Cultivating also requires putting up with imperfection. If you want to cultivate anything new, be prepared.  You will meet new forms of imperfection that will surprise you.  The roses on our patio have been bare sticks for two months now. Does that bother anyone?  No, we toleratethatkind of imperfection  as the cost of growing roses.  We whack those rosebushes down to sticks on purpose.  Likewise, we don’t expect the persimmon tree in front of the kitchen to hold its leaves all winter.  Actually I didn’t have a clue before I came here whether persimmon trees were deciduous or evergreen, but I knew not to declare it dead when it lost its leaves in late Fall.  

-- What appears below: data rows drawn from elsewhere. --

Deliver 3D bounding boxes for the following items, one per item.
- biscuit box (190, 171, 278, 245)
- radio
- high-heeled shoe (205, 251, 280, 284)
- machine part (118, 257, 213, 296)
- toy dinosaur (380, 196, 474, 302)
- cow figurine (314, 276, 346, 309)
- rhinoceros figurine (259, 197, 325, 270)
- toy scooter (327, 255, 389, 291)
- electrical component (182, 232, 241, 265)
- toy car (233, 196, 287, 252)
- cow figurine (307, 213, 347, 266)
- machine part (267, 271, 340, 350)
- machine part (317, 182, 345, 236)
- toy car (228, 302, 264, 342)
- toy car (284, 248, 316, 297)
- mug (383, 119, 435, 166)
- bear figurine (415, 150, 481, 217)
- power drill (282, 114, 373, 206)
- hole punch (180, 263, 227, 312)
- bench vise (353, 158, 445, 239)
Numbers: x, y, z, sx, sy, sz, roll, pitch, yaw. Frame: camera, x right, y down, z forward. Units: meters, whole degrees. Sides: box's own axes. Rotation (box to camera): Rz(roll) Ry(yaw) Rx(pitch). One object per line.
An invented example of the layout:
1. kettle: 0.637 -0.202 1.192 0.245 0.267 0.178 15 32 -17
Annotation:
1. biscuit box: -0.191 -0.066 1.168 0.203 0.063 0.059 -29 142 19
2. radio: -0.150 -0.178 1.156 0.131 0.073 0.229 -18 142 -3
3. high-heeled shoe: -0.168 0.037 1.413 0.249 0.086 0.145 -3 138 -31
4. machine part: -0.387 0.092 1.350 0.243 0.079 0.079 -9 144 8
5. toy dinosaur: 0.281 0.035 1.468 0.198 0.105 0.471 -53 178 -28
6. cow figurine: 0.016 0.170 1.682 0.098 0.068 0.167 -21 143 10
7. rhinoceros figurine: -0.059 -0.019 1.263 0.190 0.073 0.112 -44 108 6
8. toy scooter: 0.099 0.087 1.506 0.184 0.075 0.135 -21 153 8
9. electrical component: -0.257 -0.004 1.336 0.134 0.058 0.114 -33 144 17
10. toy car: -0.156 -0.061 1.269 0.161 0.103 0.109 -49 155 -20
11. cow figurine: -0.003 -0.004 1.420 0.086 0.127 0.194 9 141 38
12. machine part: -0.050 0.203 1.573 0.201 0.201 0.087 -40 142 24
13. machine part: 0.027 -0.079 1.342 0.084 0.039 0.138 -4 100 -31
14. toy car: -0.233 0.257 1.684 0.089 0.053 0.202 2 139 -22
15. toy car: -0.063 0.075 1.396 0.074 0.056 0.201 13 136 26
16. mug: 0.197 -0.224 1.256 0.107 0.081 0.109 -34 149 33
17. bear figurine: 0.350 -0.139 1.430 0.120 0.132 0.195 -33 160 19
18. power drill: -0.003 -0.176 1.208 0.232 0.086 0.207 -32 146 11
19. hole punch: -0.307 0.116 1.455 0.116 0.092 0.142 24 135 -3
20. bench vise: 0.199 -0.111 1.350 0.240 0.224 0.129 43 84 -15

Pity the California native plants.  Many of them lose their leaves in summer, when it doesn’t rain for seven months around here.  Smart, right?  “Summer dormant.” “Stress deciduous.”  Except gardeners think they’re dead, and rip them out of the ground.  Or declare them too homely to possibly be seen in a public garden.  Nobody says that about the roses or trees that are bare in winter.  More attentive gardeners see the native plants turning brown and assume they need more water. But they are not used to water in the summer. They never developed resistance to rot; they never were exposed to warm wet soil in thousands of years on the coastal hills of California. So water them well when it’s hot, and they’ll die for real.  Stress deciduous.  We don’t know how to cultivate what belongs here, because it is so different from what we expect in its inevitable imperfection.  Living things are always imperfect.  If you want perfection, buy lawn furniture. 

God is the master cultivator.  God is not surprised by our imperfections.  So…when we are in horror and shame at our failures, not ready to face the world, thinking we want to hide from everyone including the God whom we have failed, because we are only good for the compost heap, guess what? God might be smiling and saying, well, what do you expect?  I knew you were stress deciduous, even if you didn’t.  People are like that; they fall apart now and then.  Don’t panic!  You might need a pruning.  But you’ll green up and sprout again.  You’ll bloom when it’s your time.  

As we live into our identity as a Creation Justice church, it is our job to proclaim to the world that the earth is sacred, and that care of the earth and its creatures is a moral responsibility, a sacred imperative.  It’s never been more important to speak up for the earth than now.  We are cultivating a change of heart, so that we can have a future. 

It’s also our job to enjoy this world that God has given to our care, to savor its beauty, to learn its wisdom, and to treasure its gifts to us. When we visit sites of natural beauty, and hike, and bird watch, and garden, we cultivate relationships that make it a joy and a privilege to care for our earth.  And for one another, with patience for our imperfections.

And as we do this, we are learning how God operates.  God doesn’t dictate, God cultivates. With patience and wisdom and attention, knowing that we have our seasons of growth, and our times when we look ready for the compost heap.  God lovingly cultivates us, in our imperfections, in our uniqueness.  And delights in our growing and our blooming, and our sprouting anew.  Amen.